Silenciando Pedro, falou Tiago, filho de Zebedeu:
- No trilho de vinda para cá, fui interpelado por jovem mulher com uma criança ao colo. Arrastava-se quase, deixando perceber profundo abatimento... Pediu-me socorro em voz pungente e, francamente, muito me condoí da infeliz, que se declarava infortunada viúva dum vinhateiro. Sem dúvida, era dolorosa a posição em que se colocara e, num movimento instintivo de solidariedade, ia oferecer-lhe o braço amigo e fraterno, para que se apoiasse; mas, recordei, de súbito, que não longe dali estava uma colônia de trabalho ativo...
O companheiro interrompeu-se, um tanto desapontado, e prosseguiu:
- E se alguém me visse em companhia de semelhante mulher? Poderiam dizer que ensino os princípios da Boa Nova e, ao mesmo tempo, sou motivo de escândalo. A opinião do mundo é descaridosa...

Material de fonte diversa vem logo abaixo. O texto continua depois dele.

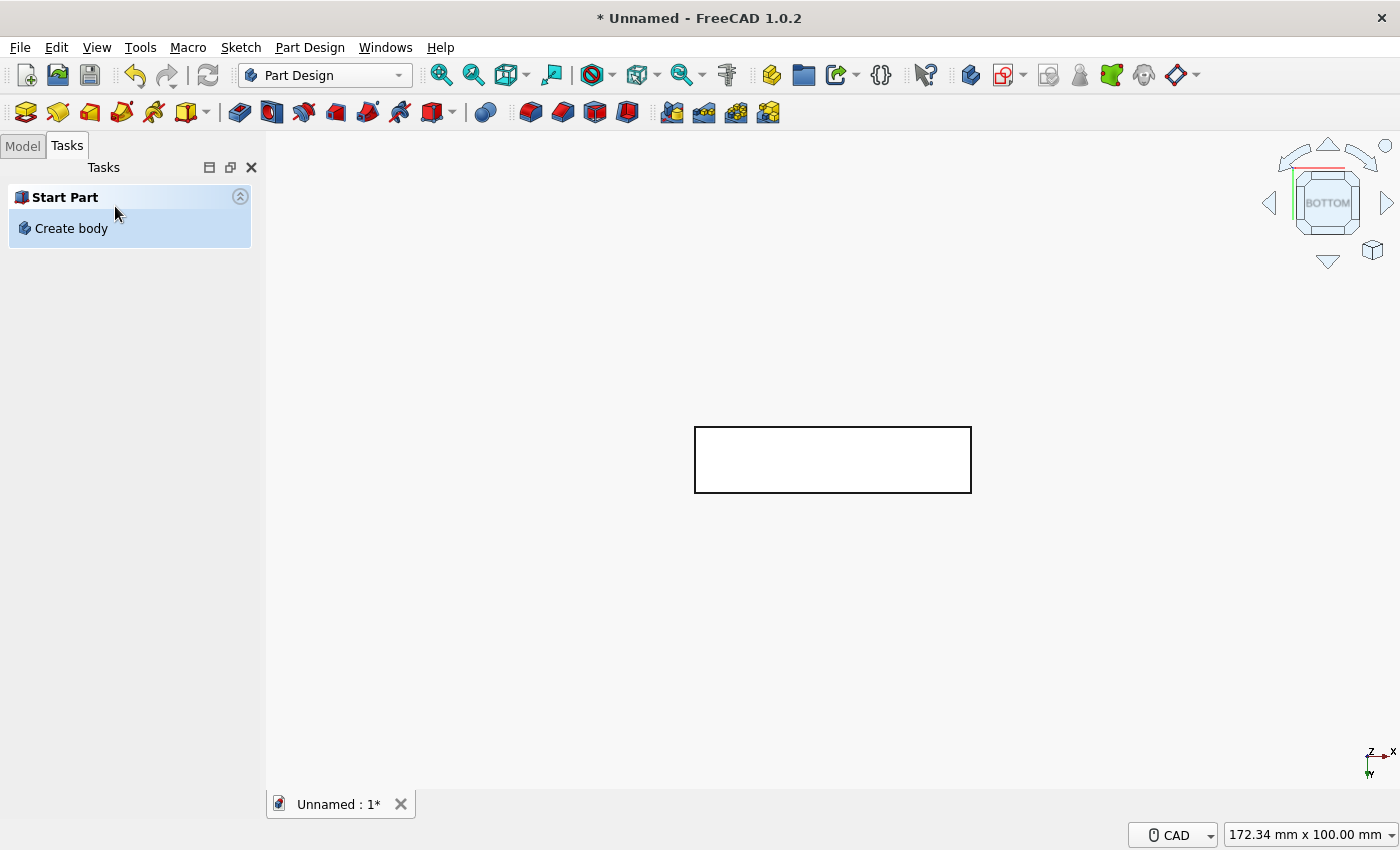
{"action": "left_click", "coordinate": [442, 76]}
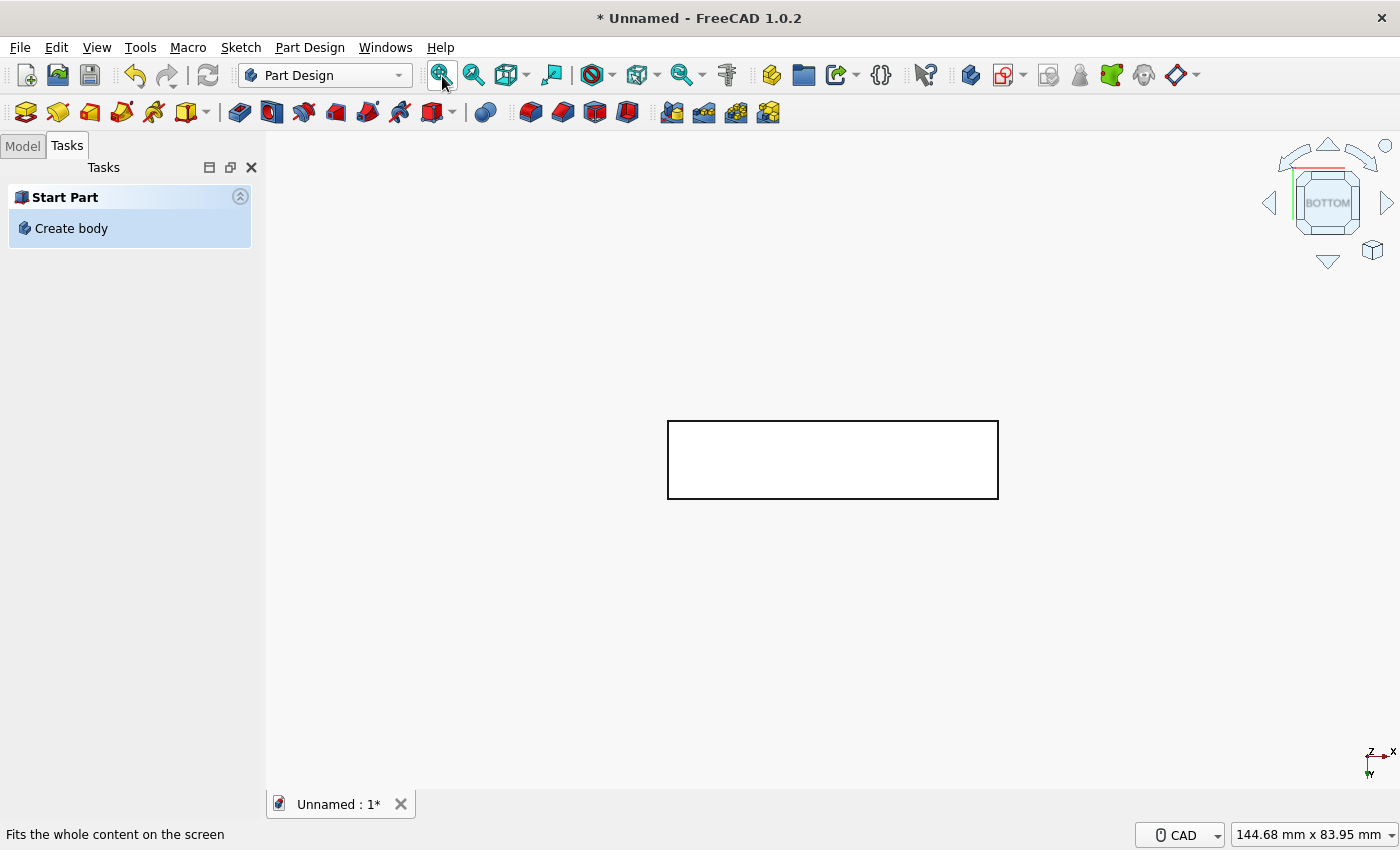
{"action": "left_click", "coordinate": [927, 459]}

Outro aprendiz adiantou-se.
Era Bartolomeu, que contou, espantadiço:
- Em minha jornada para cá, não me faltou desejo à sementeira do bem. Todavia, que querem? Apenas lobriguei conhecido ladrão. Vi-o a gemer sob duas figueiras farfalhudas, durante longos minutos, no transcurso dos quais me inclinei a prestar-lhe assistência rápida... Pareceu-me ferido no peito, em razão do sangue e porejar-lhe da túnica; mas tive receio de inesperada incursão das autoridades pelo sítio e fugi... Se me pilhassem, ao lado dele, que seria de mim?
Calando-se Bartolomeu, falou Filipe:
- Comigo, os acontecimentos foram diversos... Quase ao chegar a Sídon, fui cercado por uma assembléia de trinta pessoas, rogando conselhos sobre a senda de perfeição. Desejavam ser instruídas quanto às novas idéias do Reino de Deus e dirigiam-se a mim, ansiosamente. Contemplavam-me, simples e confiantes; todavia, ponderei as minhas próprias imperfeições e senti escrúpulos... Vendo-me roído de tantos pecados e escabrosos defeitos, julguei mais prudente evitar a critica dos outros. A ironia é um chicote inconsciente. Por isso, emudeci e aqui estou.
Continuava Jesus silencioso, mas Simão Pedro caminhou para ele e indagou:
- Mestre, que dizes? Desejamos efetivamente praticar o bem, mas como agir dentro das normas de amor que nos traças, se nos achamos, em toda parte do mundo, rodados de inimigos?
O Amigo Celeste, porém, considerou, breve:
- Pedro, todos os fracassos do dia constituem a resultante da ação de um só adversário que muitos acalentam. Esse adversário invisível é o medo. Tiveste medo da opinião dos outros, Tiago sentiu medo da reprovação alheia, Bartolomeu asilou o medo da perseguição e Felipe guardou o medo da crítica...
Aflito, o pescador de Cafarnaum interrogou:
- Senhor, como nos livraremos de semelhante inimigo?
O Mestre sorriu compassivo e respondeu:
- Quando o tempo e a dor difundirem, entre os homens, a legítima compreensão da vida e o verdadeiro amor ao próximo, ninguém mais temerá.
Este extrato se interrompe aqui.